I turned to Monk, who hadn’t said a word. “Tell him, Mr. Monk.”
Monk took a step forward. Stottlemeyer sat on the edge of his desk, crossed his arms under his chest, and faced him, braced for the tirade.
“Have you lost your humanity?” Monk said. “Are you so cold inside that you have forgotten what it feels like to care about somebody?”
I nodded in agreement. I appreciated his support and was encouraged by the surprising passion of Monk’s argument.
“He’s right, Captain,” I said.
“If you still have a heart, if you have any feelings left at all for your fellow man, I implore you, I beseech you, to do the right thing,” Monk said. “Command Lieutenant Devlin to clean her desk.”
“Mr.
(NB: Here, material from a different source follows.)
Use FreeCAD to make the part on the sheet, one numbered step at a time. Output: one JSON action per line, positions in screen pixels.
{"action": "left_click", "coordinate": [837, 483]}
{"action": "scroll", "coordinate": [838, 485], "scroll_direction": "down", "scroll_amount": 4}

Monk!” I said.
“What?” he said, turning to me.
“I’m talking about Jack Griffin.”
“Who?” Monk said.
“The man with the fake identity who came all the way here from Mexico to die in some squalid hotel room,” I said. “Don’t you want to know why?”
Monk frowned and shook his head. “Nope, not really.” He glanced at Stottlemeyer. “Do you?”
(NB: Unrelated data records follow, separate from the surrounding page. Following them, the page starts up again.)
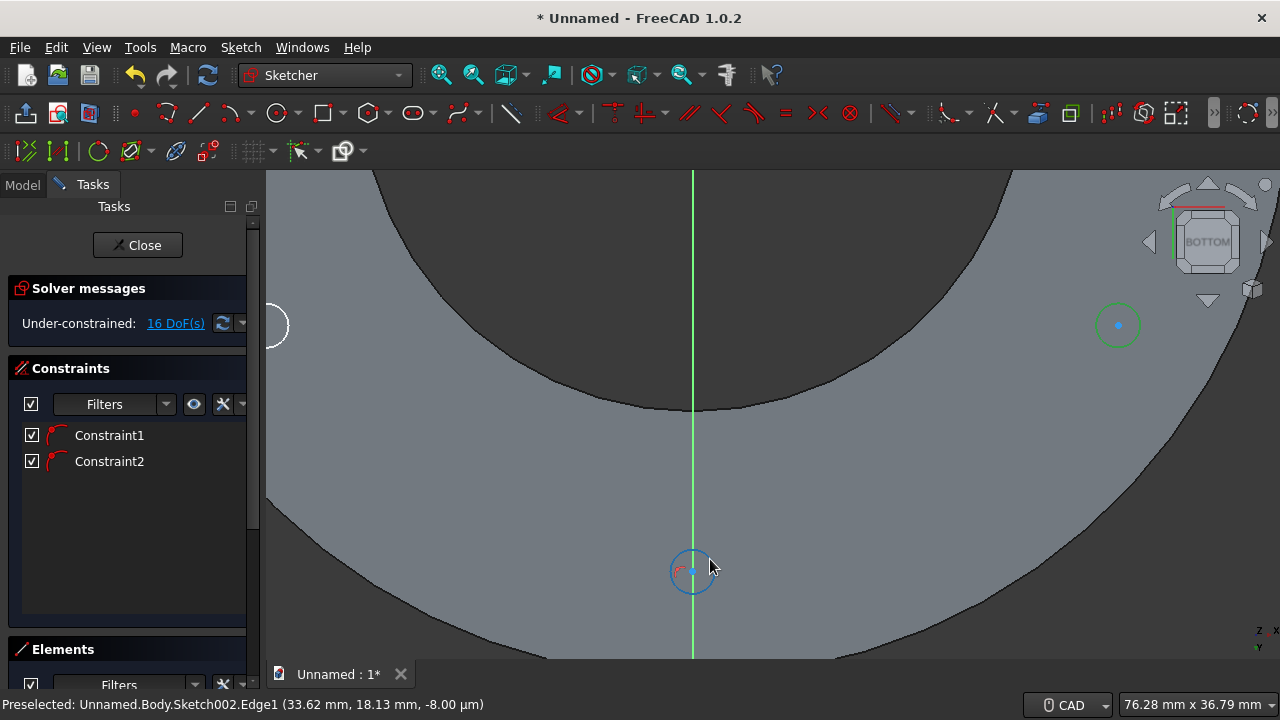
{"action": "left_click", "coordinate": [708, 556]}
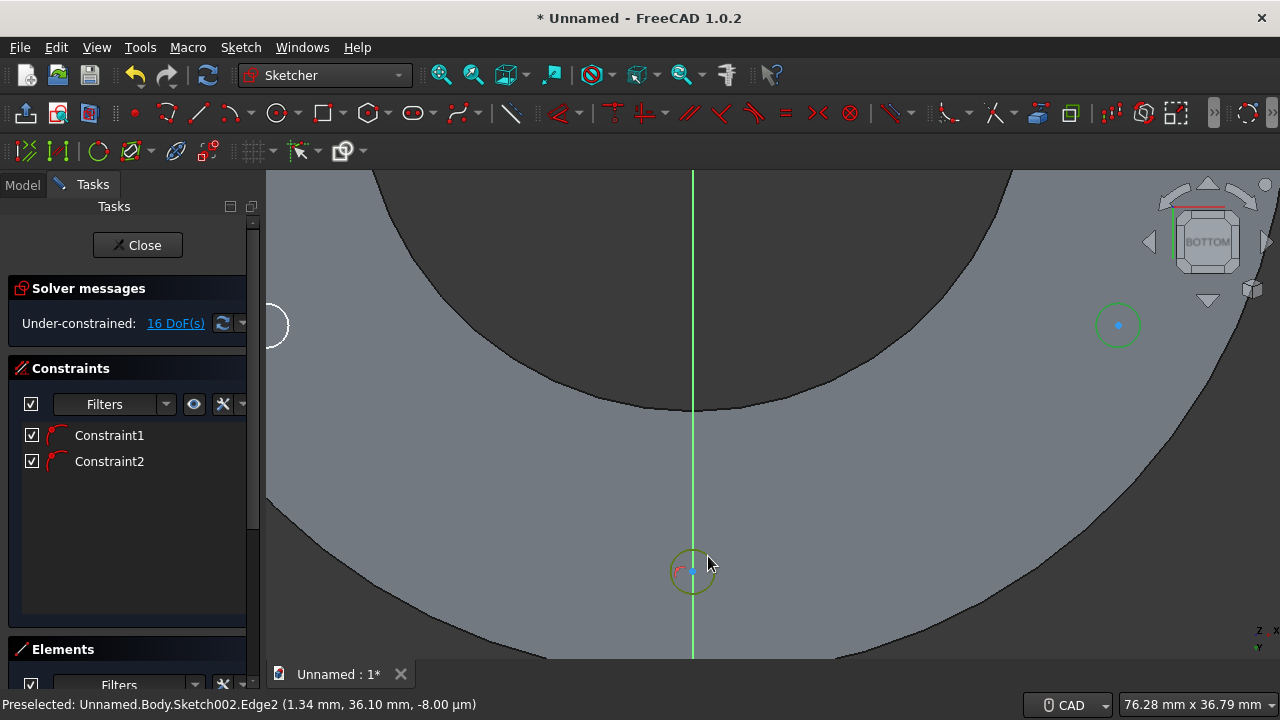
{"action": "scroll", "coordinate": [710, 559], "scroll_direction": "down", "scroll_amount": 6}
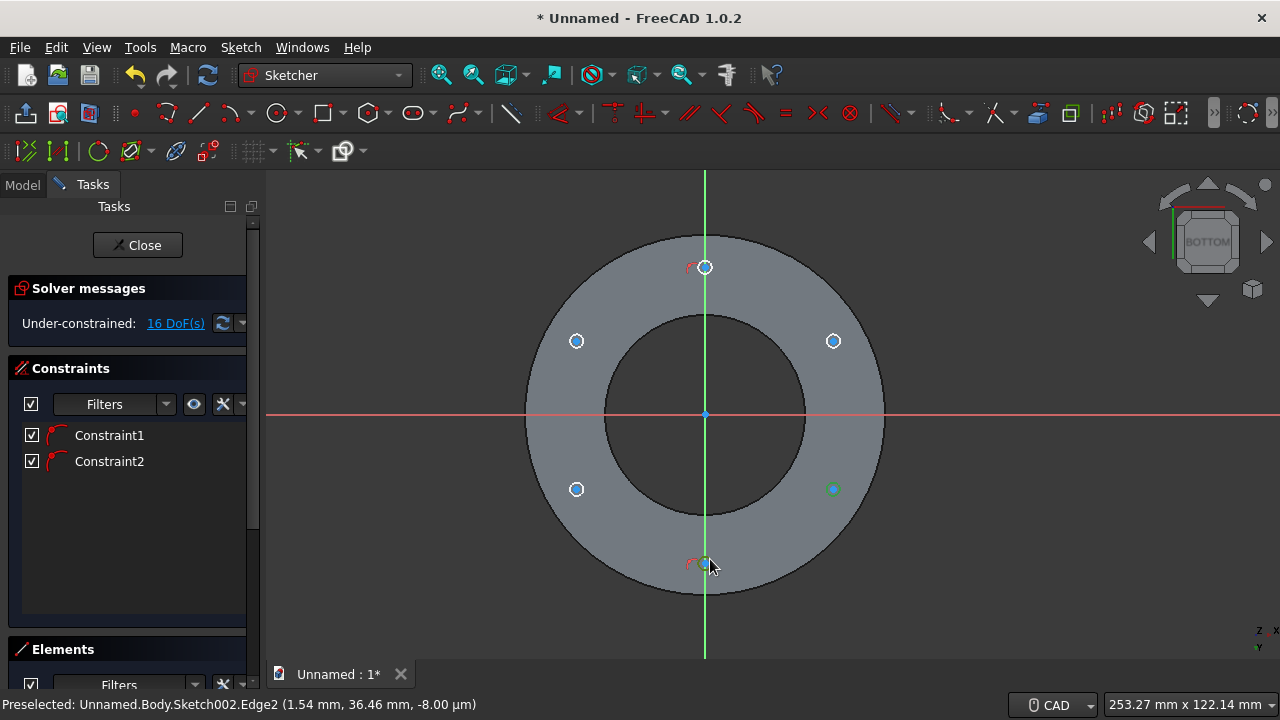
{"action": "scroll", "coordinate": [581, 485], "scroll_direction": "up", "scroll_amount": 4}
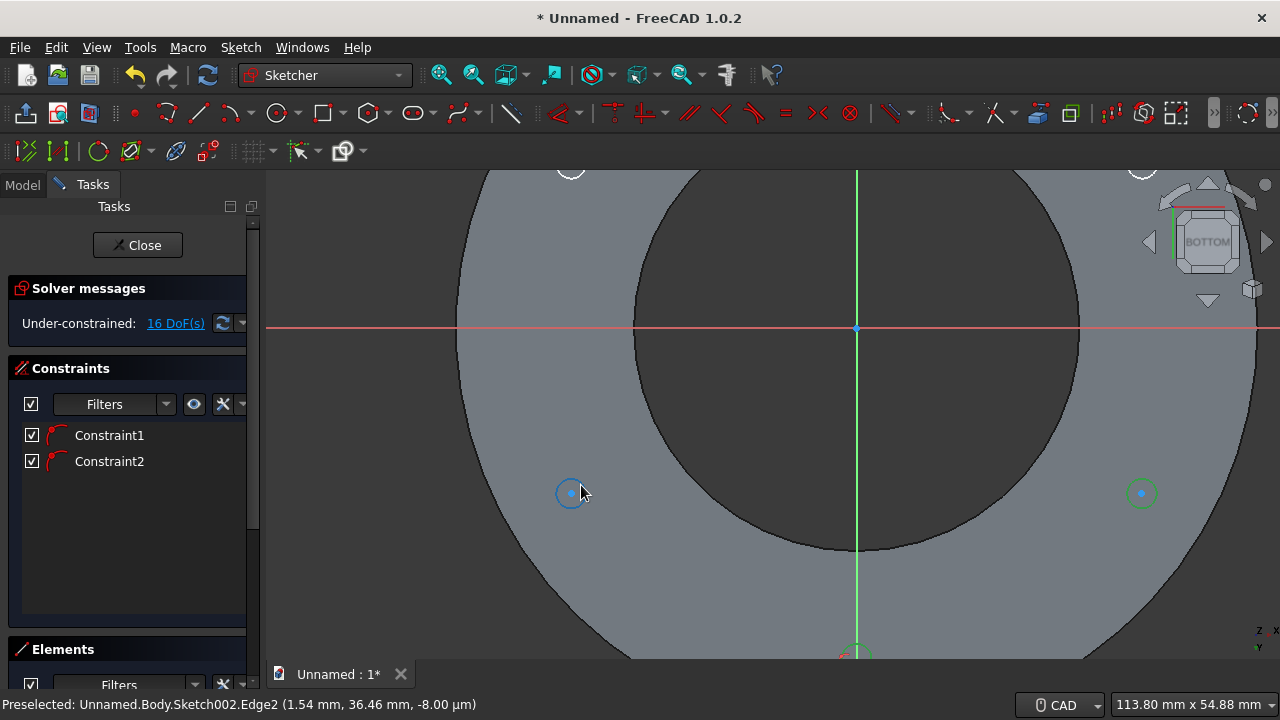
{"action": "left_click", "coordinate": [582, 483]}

“Nope,” the captain said and shifted his gaze to me. “Are we done here?”
“I’m not,” I said.
CHAPTER FIVE
Mr. Monk Cleans Up
I don’t know when I actually decided I was going to solve the mystery of Jack Griffin’s identity and why he’d come to San Francisco to die. But at that moment in Captain Stottlemeyer’s office, I’d committed myself to it and there was no going back. So I asked the captain if I could have Jack Griffin’s personal effects. He had no problem with that and sent Amy Devlin down to the property room with me to take care of it.
The captain didn’t ask me why I wanted Griffin’s things. Nobody did. I hadn’t even asked myself, perhaps because I was busy thinking about what I intended to say to Amy Devlin once we were alone.
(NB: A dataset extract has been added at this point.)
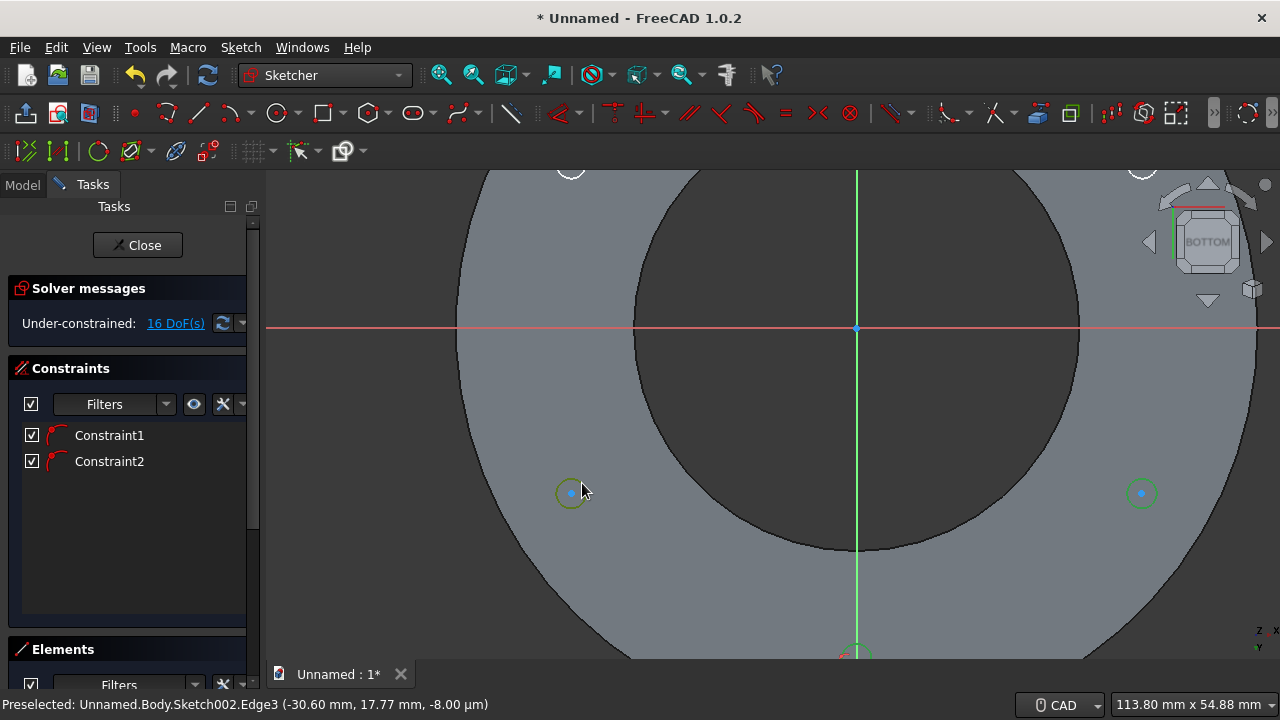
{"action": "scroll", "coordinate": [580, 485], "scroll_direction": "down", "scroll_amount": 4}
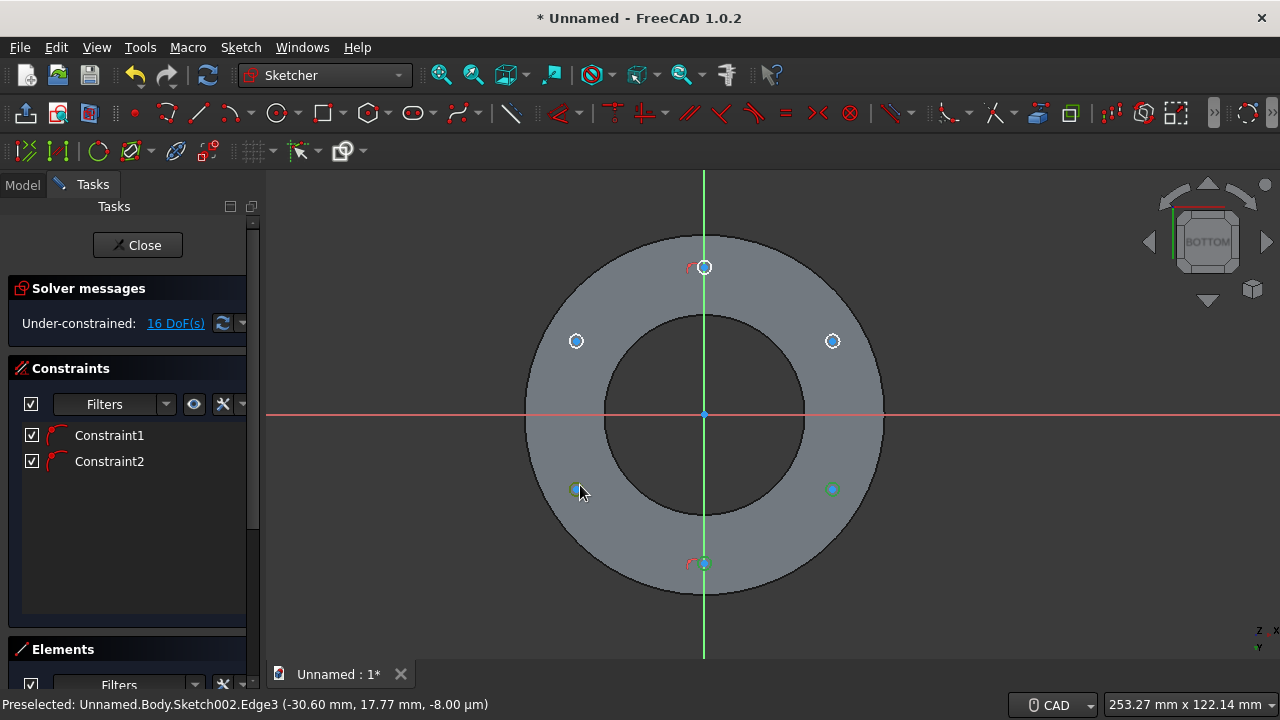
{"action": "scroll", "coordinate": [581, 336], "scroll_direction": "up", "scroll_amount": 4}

As soon as the two of us entered the stairwell to go down to the basement, I confronted her, blocking her path.
“What the hell is your problem?” I said.
“Wrong question,” Devlin said. “What you should be asking is who, not what.”
“I know better than anybody how difficult and infuriating Mr. Monk can be, but when it comes to homicide investigation, he’s the best there is. And you know it, too. So the least you can do is to show him some courtesy and respect.”
“Like he shows me?”
“He does, in his own way,” I said, feeling the moral high ground disintegrating beneath my feet. “He gave you a toothbrush.”
“Because he thinks I’m disgusting.”
“That’s one way to look at it. But the gift takes on an entirely different meaning if you look at it from his perspective.”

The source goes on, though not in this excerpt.